Running & Promoting Evals

🛠️ Prerequisites

Behavioral evals run against the compiled binary. You must build and bundle the project first after making changes:

npm run build && npm run bundle

Evals require a standard API key. If your .env file has multiple keys or comments, use this precise extraction setup:

export GEMINI_API_KEY=$(grep '^GEMINI_API_KEY=' .env | cut -d '=' -f2) && RUN_EVALS=1 npx vitest run --config evals/vitest.config.ts <file_name>

Command	Scope	Description
`npm run test:always_passing_evals`	`ALWAYS_PASSES`	Fast feedback, runs in CI.
`npm run test:all_evals`	All	Runs nightly incubation tests. Sets `RUN_EVALS=1`.

Note: RUN_EVALS=1 is required for incubated (USUALLY_PASSES) tests.

RUN_EVALS=1 npx vitest run --config evals/vitest.config.ts my_feature.eval.ts

If a test fails, verify:

Tool Trajectory Logs:序列 of calls in evals/logs/<test_name>.log.
Verbose Reasoning: Capture raw buffer traces by setting GEMINI_DEBUG_LOG_FILE:
```
export GEMINI_DEBUG_LOG_FILE="debug.log"
```

Tip: Standard evals benchmark against model variations. If a test passes on Flash but fails on Pro (or vice versa), the issue is usually in the tool description, not the prompt definition.
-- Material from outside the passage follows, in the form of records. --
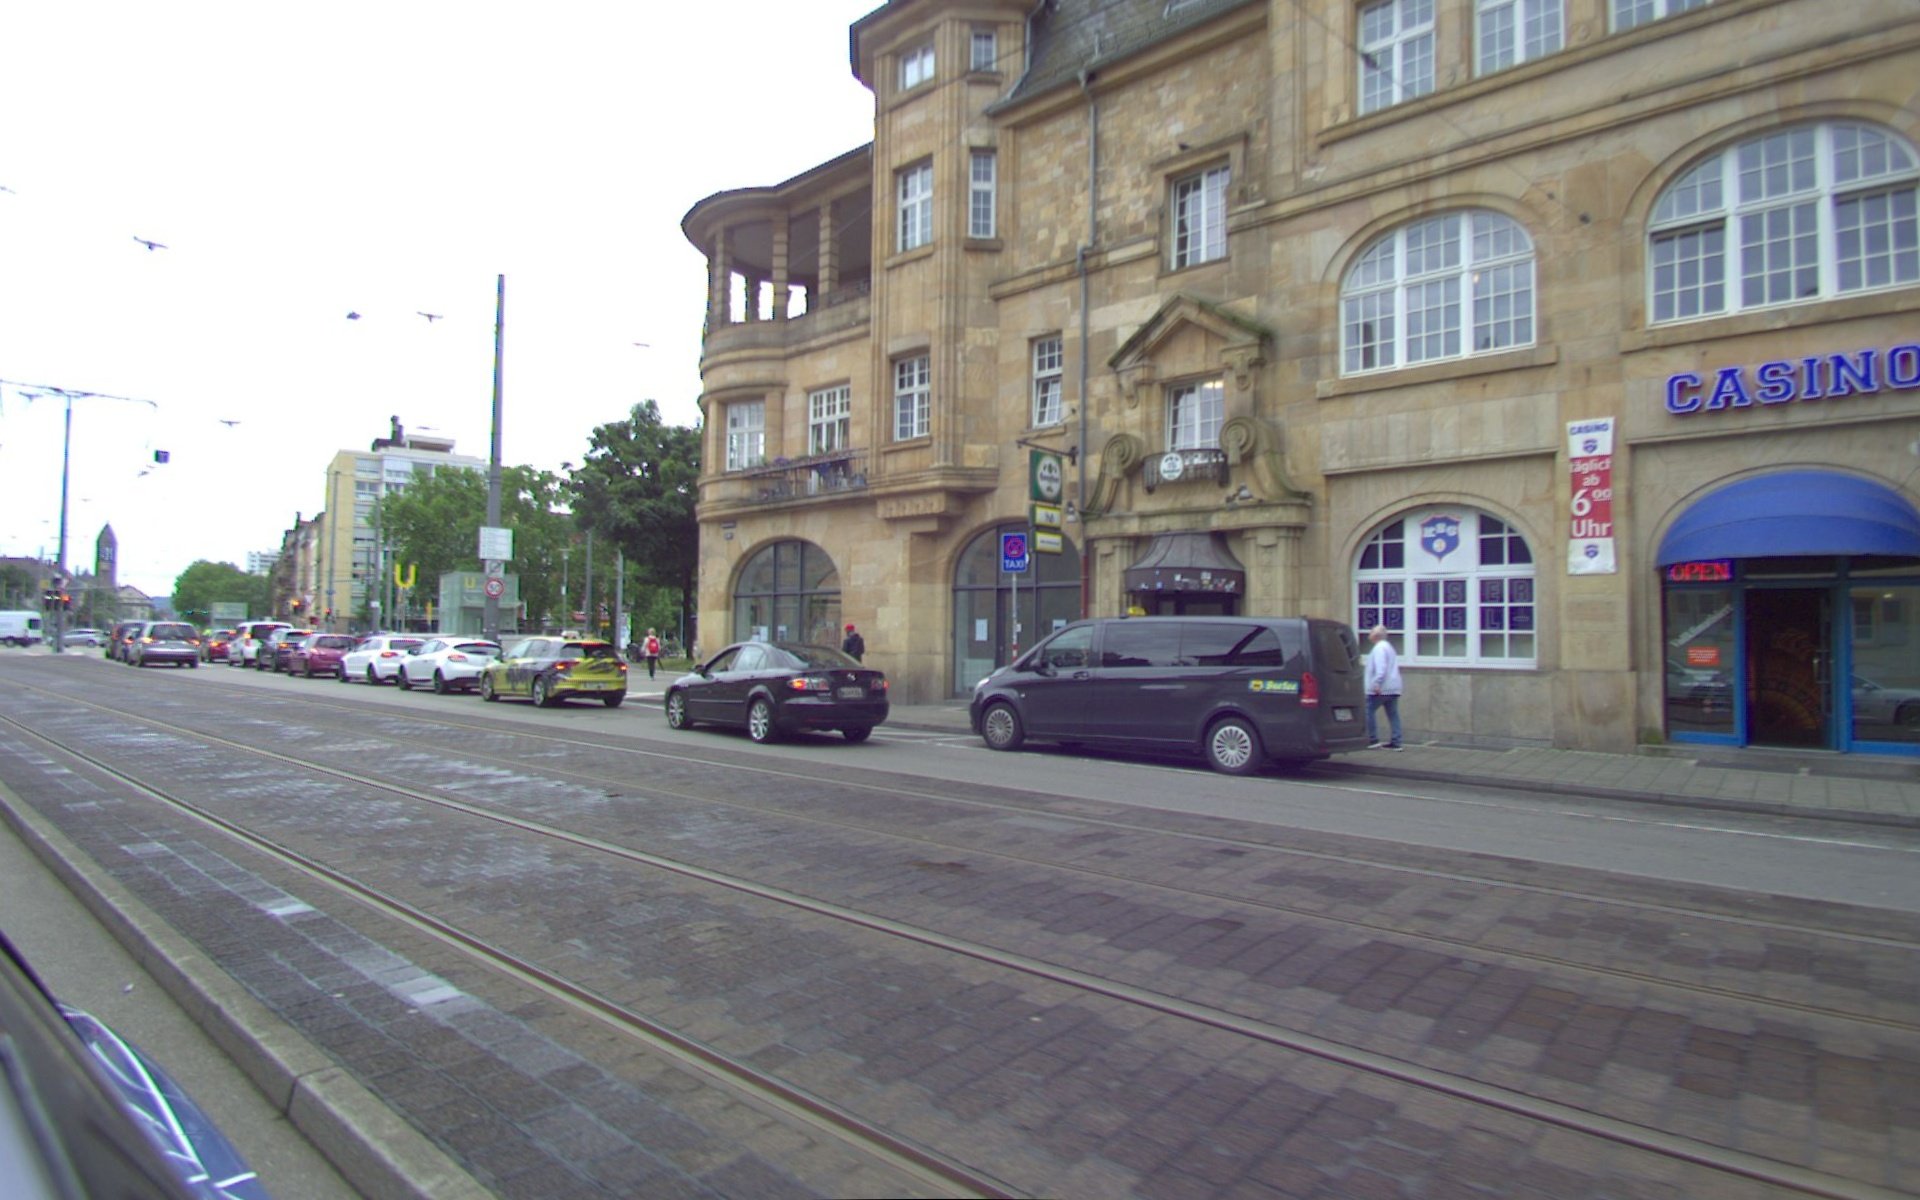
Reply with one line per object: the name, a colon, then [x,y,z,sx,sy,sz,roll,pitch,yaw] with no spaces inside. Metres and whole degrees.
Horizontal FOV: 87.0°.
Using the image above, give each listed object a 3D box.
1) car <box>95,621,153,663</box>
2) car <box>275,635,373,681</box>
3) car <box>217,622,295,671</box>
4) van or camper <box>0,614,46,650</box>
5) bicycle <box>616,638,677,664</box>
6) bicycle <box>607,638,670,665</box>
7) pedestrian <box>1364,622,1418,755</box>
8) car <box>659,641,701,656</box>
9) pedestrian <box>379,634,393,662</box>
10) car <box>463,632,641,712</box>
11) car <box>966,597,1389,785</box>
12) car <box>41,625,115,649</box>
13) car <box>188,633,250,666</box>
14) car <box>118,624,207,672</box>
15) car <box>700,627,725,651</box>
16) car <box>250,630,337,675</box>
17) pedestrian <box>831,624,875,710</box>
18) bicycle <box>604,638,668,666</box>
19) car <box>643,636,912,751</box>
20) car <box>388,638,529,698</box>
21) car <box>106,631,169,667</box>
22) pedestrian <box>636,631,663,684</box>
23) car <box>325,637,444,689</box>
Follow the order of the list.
car: [-39.546,1.982,47.836,4.389,1.915,1.669,-2,-4,45]
car: [-21.184,1.914,33.660,3.896,1.410,1.842,-2,-6,45]
car: [-29.546,1.921,42.415,1.841,1.931,5.104,3,-4,-44]
van or camper: [-73.090,2.392,76.098,5.951,2.631,2.429,2,-2,-13]
bicycle: [-17.309,2.805,55.932,3.085,1.364,0.958,1,-2,9]
bicycle: [-17.347,2.766,54.619,3.085,1.364,0.958,1,-2,9]
pedestrian: [5.804,1.170,13.634,0.522,1.741,0.592,-2,-3,37]
car: [-27.473,4.740,99.338,3.683,1.431,1.641,1,-3,-2]
pedestrian: [-35.583,2.964,62.744,0.592,1.741,0.915,2,-3,-23]
car: [-8.794,1.498,21.611,4.430,1.522,1.877,-2,-5,45]
car: [2.640,1.088,13.141,5.094,1.992,1.879,-2,-6,41]
car: [-70.443,2.960,80.895,3.933,1.763,2.005,2,-2,-12]
car: [-34.208,2.268,46.663,4.002,1.453,1.669,-2,-4,45]
car: [-30.954,1.848,39.240,4.908,1.719,1.843,-2,-5,42]
car: [-22.348,3.503,91.546,1.744,2.029,4.006,1,-2,-7]
car: [-24.876,1.956,37.697,1.841,1.546,4.305,6,-5,-44]
pedestrian: [-2.202,1.375,20.906,0.764,1.741,0.490,-2,-3,38]
bicycle: [-17.033,2.731,53.170,3.085,1.364,0.958,1,-2,9]
car: [-2.882,1.320,15.135,1.804,1.444,4.674,6,-6,-40]
car: [-12.889,1.689,25.922,4.259,1.390,1.905,-2,-3,44]
car: [-35.793,2.106,43.996,4.002,1.453,1.669,-2,-4,45]
pedestrian: [-10.222,1.895,33.361,0.628,1.732,0.529,0,-3,21]
car: [-17.168,1.862,30.123,4.361,1.390,1.728,-2,-6,42]

Flash is sensitive to "instruction bloat," while Pro is sensitive to "ambiguous intent."

To maintain CI stability, all new evals follow a strict incubation period.

New tests must be created with the USUALLY_PASSES policy.

evalTest('USUALLY_PASSES', { ... })

They run in Evals: Nightly workflows and do not block PR merges.

If a nightly eval regresses, investigate via agent:

gemini /fix-behavioral-eval [optional-run-uri]

Once a test scores 100% consistency over multiple nightly cycles:

gemini /promote-behavioral-eval

Do not promote manually. The command verifies trajectory logs before updating the file policy.